Она сделала шаг, и Роланд опять отступил.
— Я вас не понимаю, — промолвил он. — Что вы хотите?
— Чего хочу? Всего лишь капельку любви. Всего один поцелуй… Взгляни же на меня и честно ответь — разве я не хороша?
Она раскинула руки в стороны, и вспыхнул яркий свет, озаривший стройную фигуру королевы. Роланд невольно вздрогнул, отводя глаза.
— Как? — голос женщины наполнился льдом. — Я не хороша?
— Вы прекрасны, ваше величество, — пробормотал он. — Ваша красота ослепляет. Не сомневаюсь, что найдется много рыцарей, сгорающих от любви к вам.
— Мне дела нет до прочих! Один лишь ты и в чувствах, и в мечтах!
Роланд сделал еще шаг, отступая перед ее напором, и неожиданно для себя уперся нижней частью спины во что-то плотное. Он покачнулся — и королева кинулась к нему на шею. Порыв ее был столь стремителен, что мужчина не устоял и упал… на постель вместе с цеплявшейся за него женщиной.
Она не разомкнула объятий и, улучив миг, жадно поцеловала его в губы.
О да, это она умела! Отчаянно и нежно, страстно и робко, мягко и сильно. Но когда ее язычок скользнул навстречу его языку, Роланд отстранился:
— Ваше величество, что вы делаете?
— Люблю тебя! — жарко прошептала она, целуя его виски, лоб, глаза, волосы, скулы. — Люблю тебя всего. Хочу любить! И ты люби меня!
— Ваше величество, это невозможно!
— Но почему? — она выпрямилась, оседлав его, как норовистого коня, расправила плечи, одним движением руки разрушила прическу, позволив волне белоснежных волос упасть на плечи и спину. — Ты посмотри — ну разве я не хороша? Ни одного изъяна! Оцени! Все это — для тебя! Я вся твоя!
А в следующий миг она плавно повела плечами, стягивая платье.
Роланд задохнулся. Обнаженное тело действительно было великолепно. В молодости ему, как и многим сыновьям знатных лордов, доводилось развлекаться со служанками, готовыми на все, лишь бы ублажить молодого господина.
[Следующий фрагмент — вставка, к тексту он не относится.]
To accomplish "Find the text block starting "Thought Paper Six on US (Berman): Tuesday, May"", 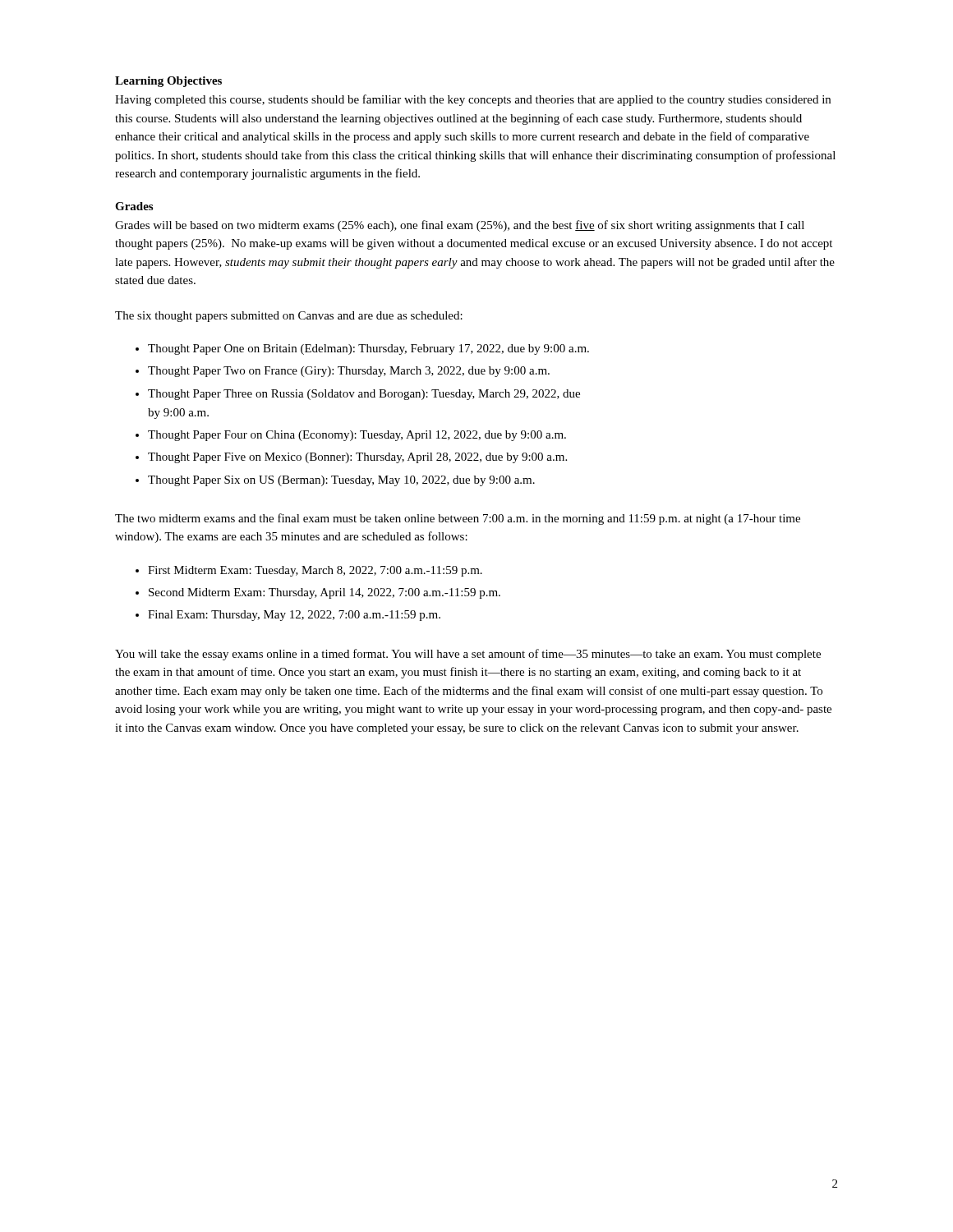I will (x=342, y=479).

Впервые познавшему женщину в четырнадцать лет, Роланду ни разу не пришлось никого уговаривать или уламывать силой. Девушки сами шли к нему. В портах, где ему случалось бывать, жрицы любви поедали его глазами и даже, уводимые другими клиентами, бросали взгляды на юного лейтенанта королевского флота. Но еще ни одна женщина и девушка не добивалась его столь откровенно и вызывающе.
— Ваше величество, прошу вас…
— Иди ко мне, мой повелитель!
— Ваше величество, но я… не могу!
Мэбилон вздрогнула. Она всем своим существом потянулась к этому мужчине — и неожиданно для себя натолкнулась на стену. Невидимую ледяную стену. Он был закован в нее, как в броню, и ее чары не действовали на эту странную защиту. Но как же так?
— Что?
— Простите меня, — Роланд попытался отстраниться, что было трудно сделать, ведь для этого ему пришлось бы дотронуться до маячившего перед ним обнаженного тела. — Вы великолепны. Можно ослепнуть, глядя на вас, но не требуйте от меня чувств. Я чужой в вашем мире. Вы сделали меня королем, не спросив меня. Боюсь, произошла ошибка. Пока вы не сделали еще большей ошибки, пока не свершилось то, о чем мы с вами будем жалеть, прошу — отпустите меня. Позвольте вернуться в свой собственный мир. Там мое место, а не у ваших ног.